In a generation where many of us meet our sexual partners on apps or in clubs, the idea of consent is often drowned out by alcohol and the thought of sex at our earliest convenience.
I have talked to many friends and even colleagues, and have discussed the fact that while we are the generation with the most forms of communication, we are the worst at actually communicating. And I think that spills heavily into how we navigate dating spaces and our sex lives. No one wants to have these important conversations of "are you sure the condom/ dental dam is on properly?" or "have you been tested" or "are you on birth control?" Safe sex is more than finding ways to prevent pregnancy or STD transmission. It is ensuring that whatever you are doing, it is 100% consensual, and it's necessary to understand exactly what that means.
It took me some time to assure myself that I do not owe my body to anyone. Ever. In a society where our bodies can be so undervalued and oversexualized, I often remind myself that my body is mine. At all times. Under every circumstance. When I'm drunk. When I'm horny. When I'm engaging in consensual sex. I can take away your access to my body at any time, and if or when I choose to that's not a conversation or a negotiation or an opportunity for you to fuss. It is a decision that I have already made, for reasons that I may or may not choose to share with you, and quite frankly, you have no say.

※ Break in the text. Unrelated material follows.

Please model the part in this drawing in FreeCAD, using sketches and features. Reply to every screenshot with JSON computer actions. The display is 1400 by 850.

And that goes for everyone. Regardless of gender, sexual orientation, race, ability or any other aspect of identity. Everyone should have complete agency over their own bodies at all times, and shouldn't be put into situations where they feel like they are no longer in control. Consent is something that can be examined and better understood far past one simple blog post, but this will hopefully give a better idea of what it means.

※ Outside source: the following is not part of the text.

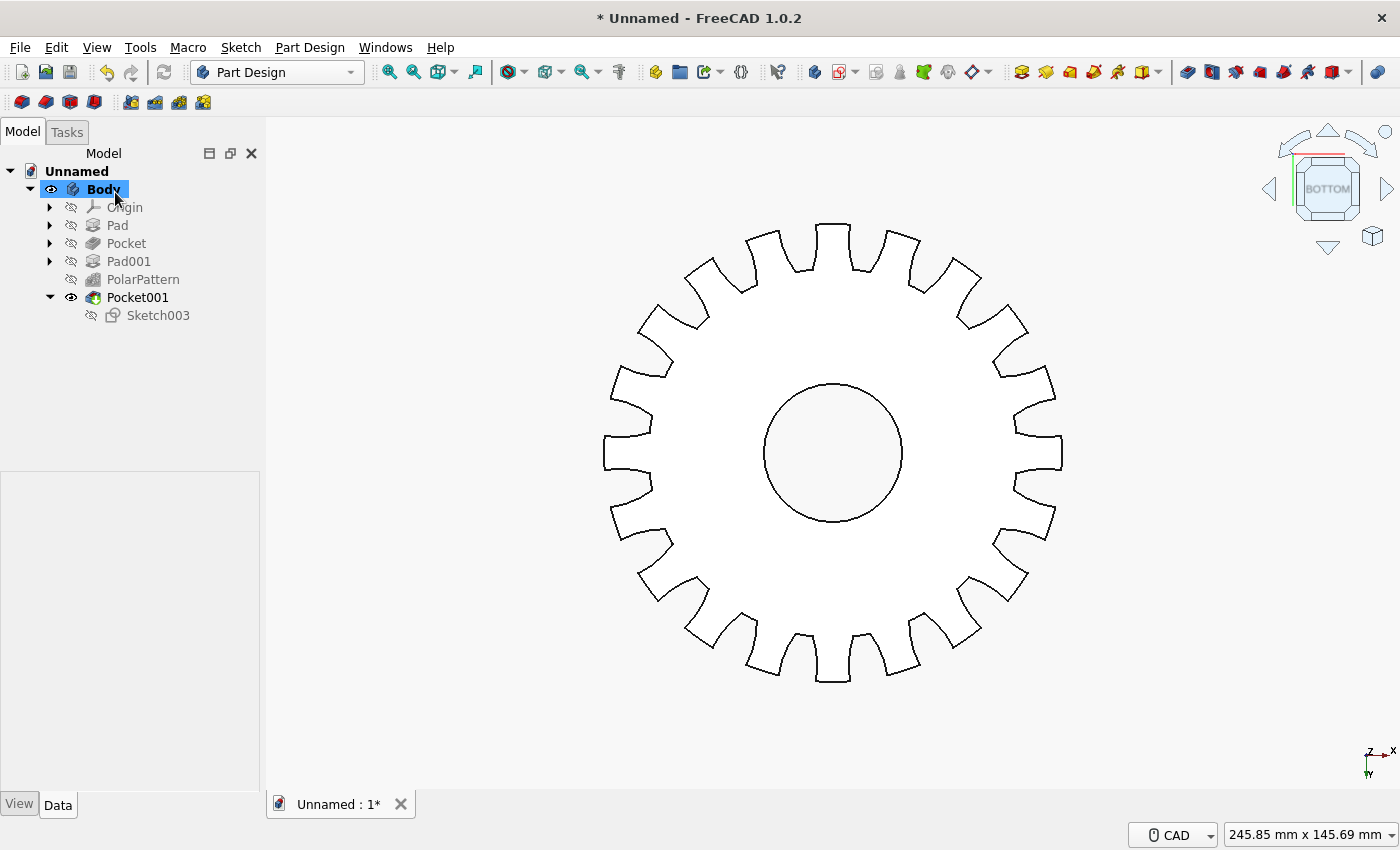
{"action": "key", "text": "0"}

Intersectionality cannot be overlooked
When discussing consent it must be done through an intersectional lens. This topic cannot be properly addressed without taking into consideration different aspects of identity such as race, gender, ability, and sexuality. You can teach someone what consent is, and get them to understand that only yes means yes, but if they're racist, or sexist, or homophobic, and do not value folks who fit under those identity markers, then consent cannot be understood until they break through-or at the very least, acknowledge- their discrimination.
Body language is not enough
Despite what we hear in songs or see in movies, a simple look doesn't give you the green light to make any sexual advance. Especially if it's coming from someone you don't know very well. Consent has no blurred lines. It should always be a clearly communicated 'yes'.

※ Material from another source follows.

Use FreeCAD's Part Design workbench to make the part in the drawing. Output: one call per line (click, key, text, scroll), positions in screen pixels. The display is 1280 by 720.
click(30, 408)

Persuading someone into saying yes, is not an actual yes
If you had to ask them more than once, and by the end they finally give in because they're clearly uncomfortable, that is not a yes. That's someone sacrificing their body out of fear.
You must get consent for EVERY act
Many people think that once there is any access to someone's body, that it must mean full access. Someone might only consent to a kiss, but nothing else. I explained it to a friend once by saying "just because someone agrees to give you oral sex, doesn't automatically mean you should assume you can skip to anal without a conversation." Everybody is different, and every body is different. Not every person you have sexual encounters with will want or be okay with the same things. That's why it's necessary to discuss what you are willing and unwilling to do, and keep each other aware of what's going on.
Doing it once doesn't mean you always have access to their body
Even if you are in relationship, no one else's body belongs to you. Just because you might only be having sex with each other, doesn't mean you have access to it whenever and wherever you please. Doing anything with someone once, doesn't give you an unlimited free pass back to their body.
Consent can be taken away at any time
Believe it or not, but humans have a crazy way of having something called feelings, and the ability to change our minds. If someone says they wanted something at first, then last minute decided it wasn't what they wanted anymore, you need to respect that. Even if you are already engaging in sex, and your partner decides that they no longer want to continue, that is their absolute right as the ruler of their own body.
(Cis-hetero men, don't give me the bullshit excuse about blue balls. Rub it out in the bathroom and keep it moving.)
Consent can't be given in some circumstances, here's why
You cannot receive consent from someone who is not in a mental state to make informed decisions. If someone is unconsciousness, intoxicated, or underage, then consent cannot be valid due to unequal power dynamics and/or other influences. This can also be the case in situations where someone is under your authority or care (teacher/student, doctor/patient, etc).
No enthusiasm? No consent
'Yes' doesn't mean they nodded, or shrugged their shoulders. That person has to give a willing and enthusiastic YES! Makes sense, right? I want to know that my partner is excited to have sex with me, if I can see they aren't really feeling it, then I'll take that as a no.
No one owes you shit
Even if you travelled a long distance to see this person. Even if you know they like you. Even if you've been sexting for months. Even if you're married to them. No one owes you any part of their body. Ever. Don't ever get it fucked up.
Reacting negatively is a red flag
Your sexual partner ain't shit if they respond negatively when you choose to not give consent. If they begin to pout, or get angry, or show resentment to you for not engaging, that is not okay or normal. They can survive without it in that very moment. Adults usually know how to masturbate. This is not life or death. If they make you feel guilt or shame for not fulfilling their sexual needs at a particular time, that's not your problem or fault.